> [WHAT THE TASK ASKS] Identify all lines below that hold "name" and collect them.

[[ THE RECORDS open ]]

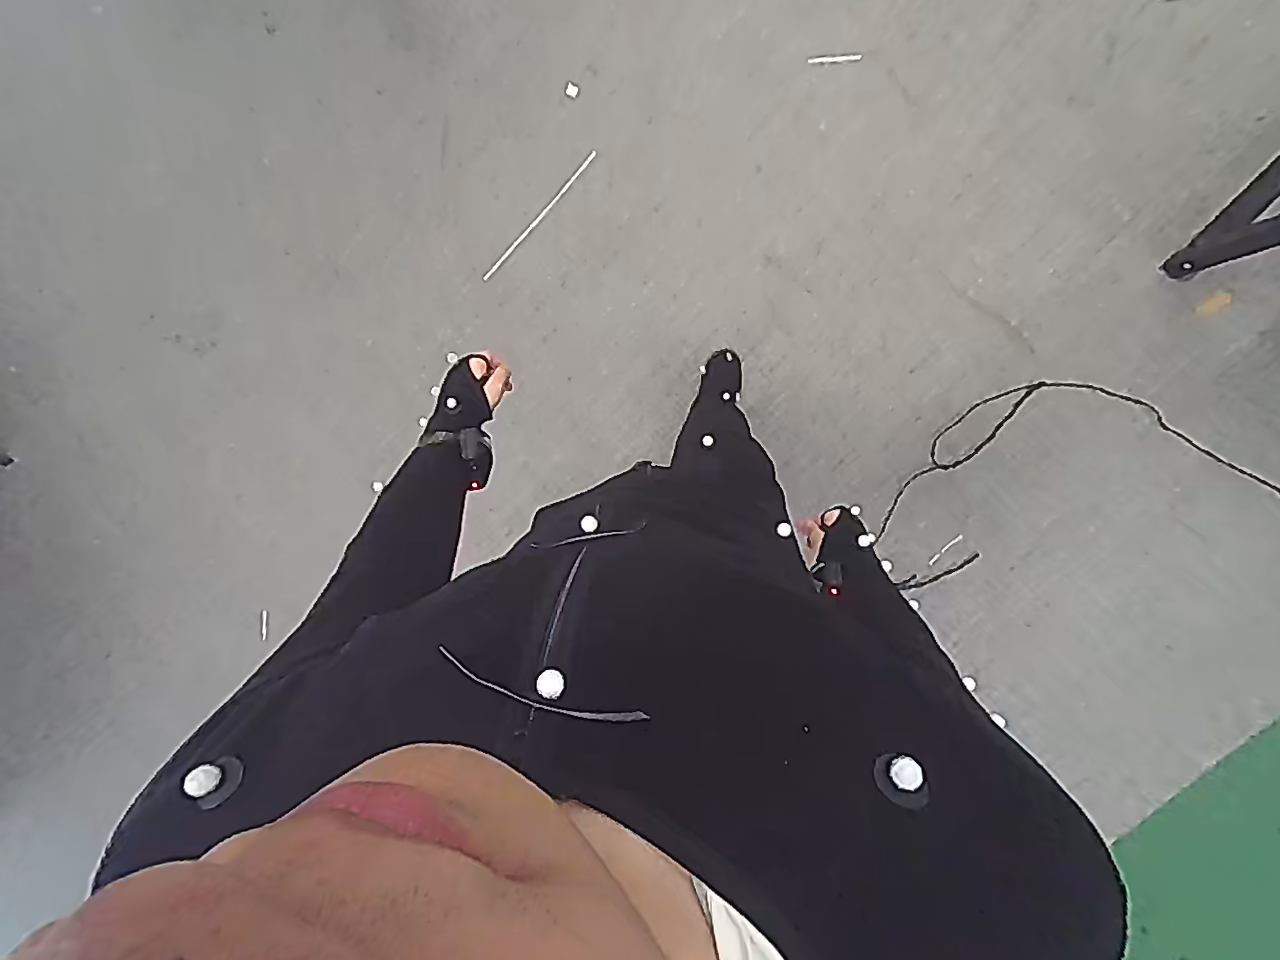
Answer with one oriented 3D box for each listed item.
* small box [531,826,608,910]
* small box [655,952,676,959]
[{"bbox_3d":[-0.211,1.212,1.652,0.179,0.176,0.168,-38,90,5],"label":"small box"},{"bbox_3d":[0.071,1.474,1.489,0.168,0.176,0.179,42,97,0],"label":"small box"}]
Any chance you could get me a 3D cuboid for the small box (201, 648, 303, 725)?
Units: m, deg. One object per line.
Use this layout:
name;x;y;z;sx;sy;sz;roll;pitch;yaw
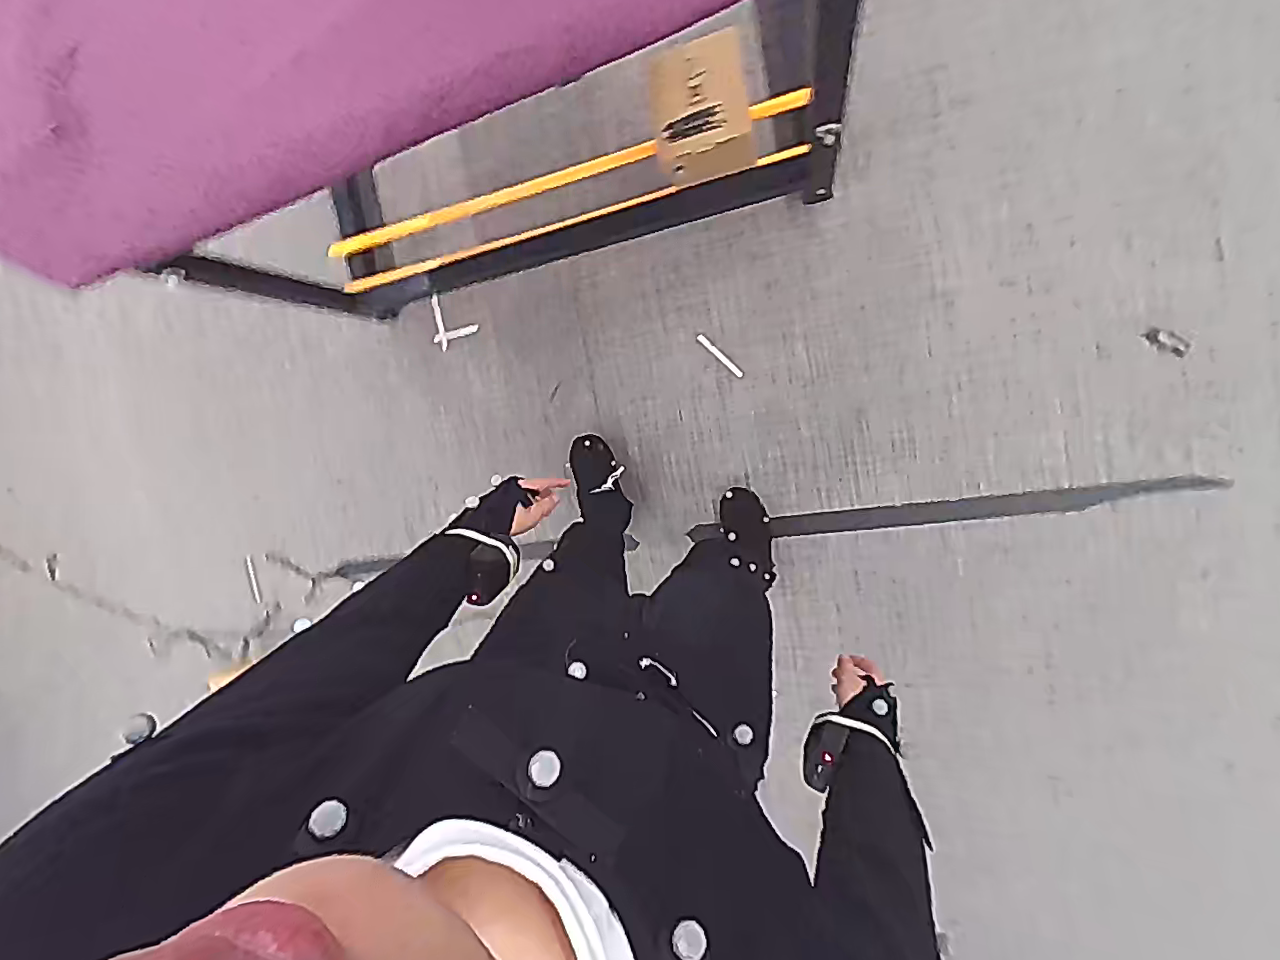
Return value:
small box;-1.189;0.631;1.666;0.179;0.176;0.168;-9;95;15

[[ THE RECORDS closed ]]
[[ THE RECORDS open ]]

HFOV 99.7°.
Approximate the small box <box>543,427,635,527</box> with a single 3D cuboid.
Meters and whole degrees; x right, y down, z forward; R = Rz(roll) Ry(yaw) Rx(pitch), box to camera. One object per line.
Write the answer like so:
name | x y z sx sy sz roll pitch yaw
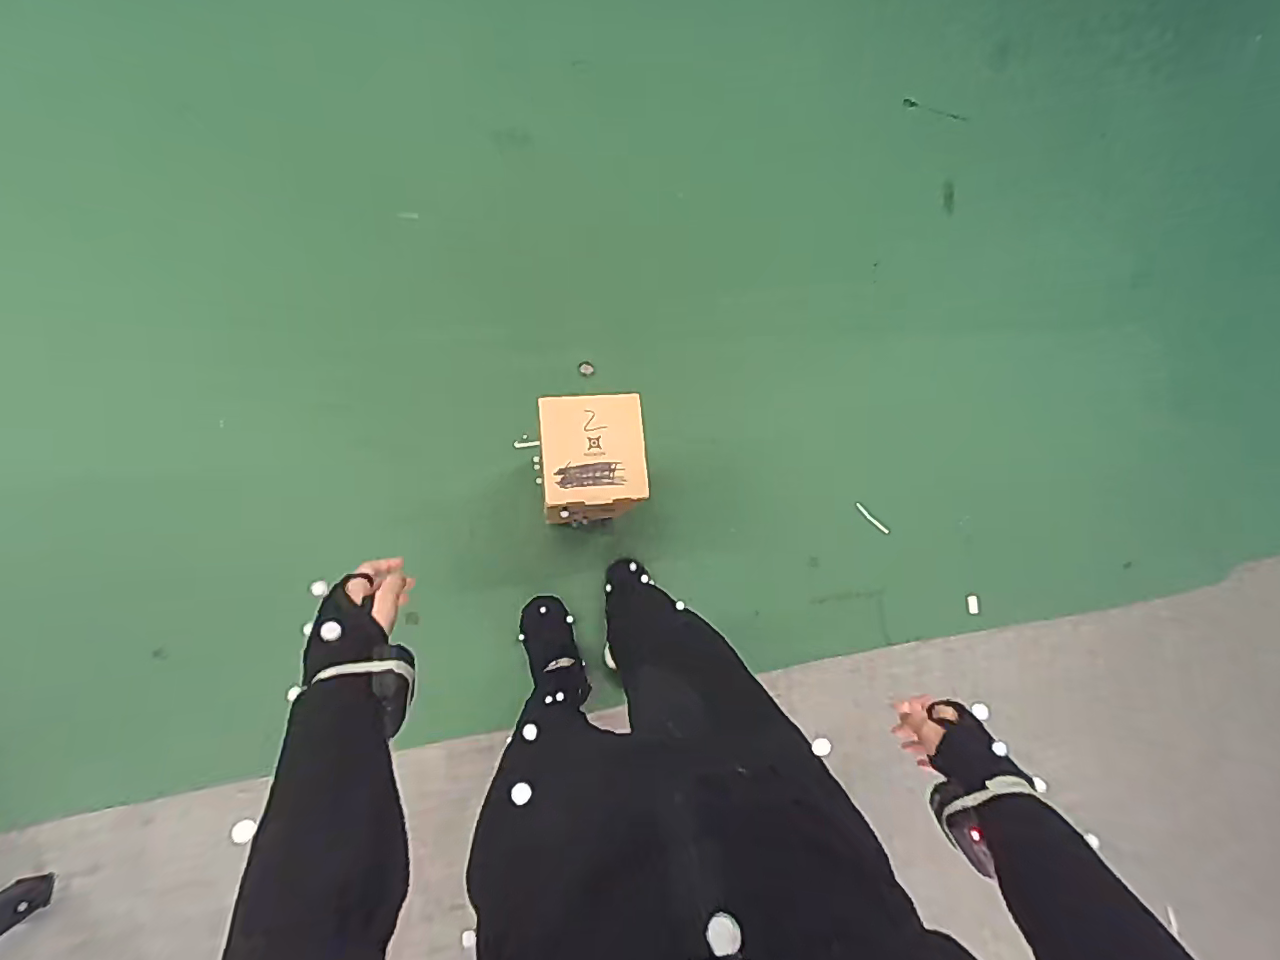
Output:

[[ THE RECORDS closed ]]

> [ANSWER TO THE PROBLEM]
name;x;y;z;sx;sy;sz;roll;pitch;yaw
name | x y z sx sy sz roll pitch yaw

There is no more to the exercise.